The %([char].[true str].[false str]) setup returns in several places.  root gets a slightly more obvious prompt that a normal user, as you can see in the previous screenshot.  Also, using a question mark as the [char] allows me to display the exit code of the previous command.  (The true string would be displayed if the exit code was zero, but I have left that string blank.)

[screenshot showing a return code]

I ran perl -e 'exit 42'.  It dutifully returned 42, which was then shown in the prompt.

The %D{...} construct results in a date string formatted by the contents.  The current hour and minute go on the left side.
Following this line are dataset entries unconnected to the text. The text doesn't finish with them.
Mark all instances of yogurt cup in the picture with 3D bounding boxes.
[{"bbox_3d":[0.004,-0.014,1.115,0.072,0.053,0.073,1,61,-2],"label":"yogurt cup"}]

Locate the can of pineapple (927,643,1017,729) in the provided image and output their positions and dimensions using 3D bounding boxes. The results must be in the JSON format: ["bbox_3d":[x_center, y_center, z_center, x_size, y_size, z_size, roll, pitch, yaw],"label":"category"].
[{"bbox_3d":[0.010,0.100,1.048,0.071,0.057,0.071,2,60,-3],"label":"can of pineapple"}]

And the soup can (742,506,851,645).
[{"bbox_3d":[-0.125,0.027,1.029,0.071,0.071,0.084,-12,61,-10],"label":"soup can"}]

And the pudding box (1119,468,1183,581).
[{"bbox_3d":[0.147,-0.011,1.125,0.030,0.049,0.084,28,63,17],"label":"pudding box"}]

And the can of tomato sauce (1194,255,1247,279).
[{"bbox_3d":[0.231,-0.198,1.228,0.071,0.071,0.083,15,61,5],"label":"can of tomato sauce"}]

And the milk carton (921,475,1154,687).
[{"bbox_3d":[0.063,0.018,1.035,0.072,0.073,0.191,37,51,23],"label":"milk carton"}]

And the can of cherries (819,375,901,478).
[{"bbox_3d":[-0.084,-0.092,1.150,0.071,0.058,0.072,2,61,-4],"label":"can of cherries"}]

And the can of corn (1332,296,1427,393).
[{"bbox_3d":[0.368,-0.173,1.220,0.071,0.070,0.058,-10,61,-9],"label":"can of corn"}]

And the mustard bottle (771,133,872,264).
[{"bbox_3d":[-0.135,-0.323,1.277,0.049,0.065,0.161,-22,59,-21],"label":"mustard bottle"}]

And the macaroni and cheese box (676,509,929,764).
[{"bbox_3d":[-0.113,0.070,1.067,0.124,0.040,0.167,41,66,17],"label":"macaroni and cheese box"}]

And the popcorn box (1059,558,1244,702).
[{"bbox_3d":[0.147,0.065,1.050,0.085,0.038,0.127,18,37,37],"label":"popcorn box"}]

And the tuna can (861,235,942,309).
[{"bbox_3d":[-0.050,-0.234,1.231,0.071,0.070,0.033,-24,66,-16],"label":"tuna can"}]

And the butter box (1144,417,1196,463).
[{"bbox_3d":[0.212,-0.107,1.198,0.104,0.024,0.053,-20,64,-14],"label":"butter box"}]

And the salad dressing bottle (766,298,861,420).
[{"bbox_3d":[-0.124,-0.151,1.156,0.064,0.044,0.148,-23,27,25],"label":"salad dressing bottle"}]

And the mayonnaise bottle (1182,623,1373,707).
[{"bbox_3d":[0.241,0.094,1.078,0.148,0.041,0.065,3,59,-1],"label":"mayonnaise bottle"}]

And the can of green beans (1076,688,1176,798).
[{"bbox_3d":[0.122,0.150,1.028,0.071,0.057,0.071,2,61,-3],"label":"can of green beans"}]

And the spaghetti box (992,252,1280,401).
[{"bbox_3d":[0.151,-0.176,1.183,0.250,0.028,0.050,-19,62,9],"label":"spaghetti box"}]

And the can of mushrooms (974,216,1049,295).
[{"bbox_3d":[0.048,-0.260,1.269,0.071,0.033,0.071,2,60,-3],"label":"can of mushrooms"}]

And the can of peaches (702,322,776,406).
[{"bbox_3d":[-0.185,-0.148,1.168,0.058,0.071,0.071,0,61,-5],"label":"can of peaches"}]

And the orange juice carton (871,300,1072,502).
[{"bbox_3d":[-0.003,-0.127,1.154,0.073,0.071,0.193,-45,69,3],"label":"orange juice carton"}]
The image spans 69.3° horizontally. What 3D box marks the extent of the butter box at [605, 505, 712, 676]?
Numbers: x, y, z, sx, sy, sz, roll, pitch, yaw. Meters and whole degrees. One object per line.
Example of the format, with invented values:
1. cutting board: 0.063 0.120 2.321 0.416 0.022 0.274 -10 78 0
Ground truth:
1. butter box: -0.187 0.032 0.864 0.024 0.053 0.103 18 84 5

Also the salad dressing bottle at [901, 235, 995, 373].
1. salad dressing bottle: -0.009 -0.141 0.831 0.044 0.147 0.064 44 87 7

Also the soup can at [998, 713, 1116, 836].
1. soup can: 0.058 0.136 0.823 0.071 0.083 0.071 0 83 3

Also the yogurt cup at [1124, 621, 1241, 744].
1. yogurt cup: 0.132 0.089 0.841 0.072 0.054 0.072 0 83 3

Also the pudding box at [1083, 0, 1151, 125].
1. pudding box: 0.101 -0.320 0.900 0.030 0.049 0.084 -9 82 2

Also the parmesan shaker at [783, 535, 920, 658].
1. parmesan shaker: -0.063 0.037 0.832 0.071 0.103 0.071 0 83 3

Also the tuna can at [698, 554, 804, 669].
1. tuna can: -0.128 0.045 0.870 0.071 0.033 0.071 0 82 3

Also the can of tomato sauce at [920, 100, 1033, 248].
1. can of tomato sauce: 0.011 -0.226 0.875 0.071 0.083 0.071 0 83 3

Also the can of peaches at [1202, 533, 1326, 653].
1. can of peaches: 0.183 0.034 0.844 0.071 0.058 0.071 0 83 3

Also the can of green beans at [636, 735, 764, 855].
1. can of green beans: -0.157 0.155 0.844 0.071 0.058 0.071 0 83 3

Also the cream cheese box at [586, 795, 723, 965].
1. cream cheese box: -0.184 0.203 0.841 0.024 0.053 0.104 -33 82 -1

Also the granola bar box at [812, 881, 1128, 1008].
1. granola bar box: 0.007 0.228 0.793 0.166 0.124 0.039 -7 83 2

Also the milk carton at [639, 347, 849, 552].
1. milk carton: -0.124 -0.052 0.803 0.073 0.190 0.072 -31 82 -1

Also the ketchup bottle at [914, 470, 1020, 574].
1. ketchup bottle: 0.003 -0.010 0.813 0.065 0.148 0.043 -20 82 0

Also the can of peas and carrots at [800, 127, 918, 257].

    RPROMPT=' $PR_CYAN$PR_SHIFT_IN$PR_HBAR$PR_BLUE$PR_HBAR$PR_SHIFT_OUT\
($PR_YELLOW%D{%a,%b%d}$PR_BLUE)$PR_SHIFT_IN$PR_HBAR$PR_CYAN$PR_LRCORNER$PR_SHIFT_OUT$PR_NO_COLOUR'

zsh supports a right-hand prompt, too.  I started using it just because it was there, but I’ve come to like it.  Putting stuff on the right frees up space on the left, and the right-hand prompt simply disappears if the command line grows past it.  Thus, I put information that would be useful but that I don’t need all that often on the right.

[screenshot with right prompt removed]

The right-hand prompt has been removed to make room for the command line.

    PS2='$PR_CYAN$PR_SHIFT_IN$PR_HBAR$PR_SHIFT_OUT\
$PR_BLUE$PR_SHIFT_IN$PR_HBAR$PR_SHIFT_OUT(\
$PR_LIGHT_GREEN%_$PR_BLUE)$PR_SHIFT_IN$PR_HBAR$PR_SHIFT_OUT\
$PR_CYAN$PR_SHIFT_IN$PR_HBAR$PR_SHIFT_OUT$PR_NO_COLOUR '

PS2 is the continuation prompt.  I define it mostly so it will match the main one in color.  In it, I use the %_ prompt escape, which shows the reason the continuation prompt is being displayed.

[screenshot showing continuation prompt]

The continuation prompt, in addition to the main one.

There are two other prompts as well (PS2 and PS3), but I don’t bother to set them because I use them rarely, it at all.

}

showprompt

And that’s the end of the prompt-creating function.  Once it’s defined, I call it to actually do the setup.

And that’s it.  My setup’s rather complicated, but it allows me to use the same configuration on every computer I use, leaving it up to the shell to figure out what to do with itself.  I have put a bit of work into putting this thing together, but I have to interact with the command line every day, so I think it’s worth it.